MARRAKECH, Maroc — Le fonds de travailleurs de la CSN veut faire des profits en revendant des droits de polluer avec une nouvelle source de financement pour entreprises unique au monde.

Les dirigeants de Fondaction ont annoncé, mercredi, la mise sur pied d’un Fonds Carbone d’une valeur 20 millions $ à la COP22 de Marrakech, la Conférence des Nations unies sur les changements climatiques, en présence du premier ministre Philippe Couillard.

Ce fonds s’adresse à de petits émetteurs de gaz à effet de serre (GES) du Québec dans des secteurs non réglementés, ceux qui ne sont pas plafonnés par la bourse du carbone, contrairement aux grands émetteurs, qui rejettent 85 pour cent des émissions de GES au Québec et qui sont limités dans leurs émissions.

Ainsi, une entreprise qui a besoin de financement pour un projet qui contribue à réduire ses émissions de GES pourrait obtenir un montant du Fonds Carbone, qui ne serait pas un prêt, qui serait en quelque sorte une avance sur le revenu qui serait dégagé ultérieurement en revendant des crédits carbone, soit un droit de polluer, à de plus grands émetteurs qui en achètent sur la bourse du carbone.

Lorsque ces «crédits compensatoires» seront revendus à de grands émetteurs en demande, le bénéfice ira à Fondaction, et non à l’entreprise emprunteuse, puisque c’est Fondaction qui a avancé l’argent.

Fondaction se lance dans cette aventure avec la Coop Carbone, qui a sécurisé, donc garanti, des achats de grands émetteurs pour 9 millions $ par an.

«On va les (les entreprises) encourager à réduire leurs émissions de GES en leur disant: ‘vous n’êtes pas obligés de le faire, mais si vous faites quelque chose qui permet la réduction de GES, vous obtenez un crédit, qu’on appelle crédit compensatoire, et ce crédit vous pouvez le vendre sur le marché’ (du carbone)», a résumé le président de la Coop Carbone, Jean Nolet, en conférence de presse dans un des pavillons de la COP22.

Le premier ministre Couillard a souligné que cette nouvelle source de financement des entreprises est rendue possible grâce à l’existence de la bourse du carbone que le Québec a mise sur pied.

«Cet outil vient garantir, donner un chemin à un flot de profits», a résumé M. Couillard, qui estime que les entreprises s’engageront d’autant plus dans la décarbonisation lorsqu’elle deviendra source de profits.

«Ce qui est possible à 20 millions $, d’après moi, un jour, deviendra possible à 200 millions $ et à 1 milliard $», a-t-il poursuivi, en affirmant qu’il s’agit d’une initiative qui a «beaucoup d’importance pour le Québec, le Canada et le monde».

D’ailleurs, pour le gouvernement, le Fonds Carbone a aussi pour avantage de contribuer à l’atteinte de la cible de réduction de GES du Québec.

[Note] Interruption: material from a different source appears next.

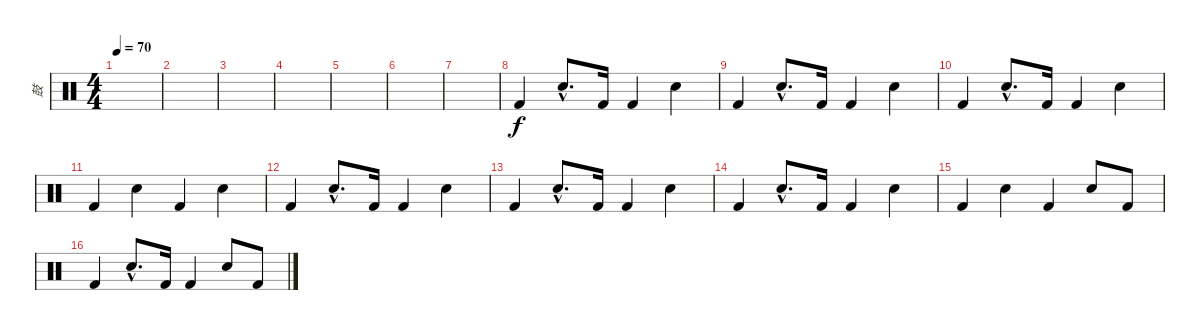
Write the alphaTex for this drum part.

En effet, le moindre pourcentage de diminution comptera pour l’atteinte de la cible de moins 20 pour cent en 2020 par rapport à l’année 1990, et 37,5 pour cent en 2030 par rapport à la même année de référence.

Les entreprises du secteur agro-alimentaire, de foresterie et des transports seront admissibles, c’est-à-dire de secteurs où le gouvernement dispose d’outils pour mesurer les émissions de GES.

Le nouveau Fonds Carbone entrera en activité le 9 janvier prochain.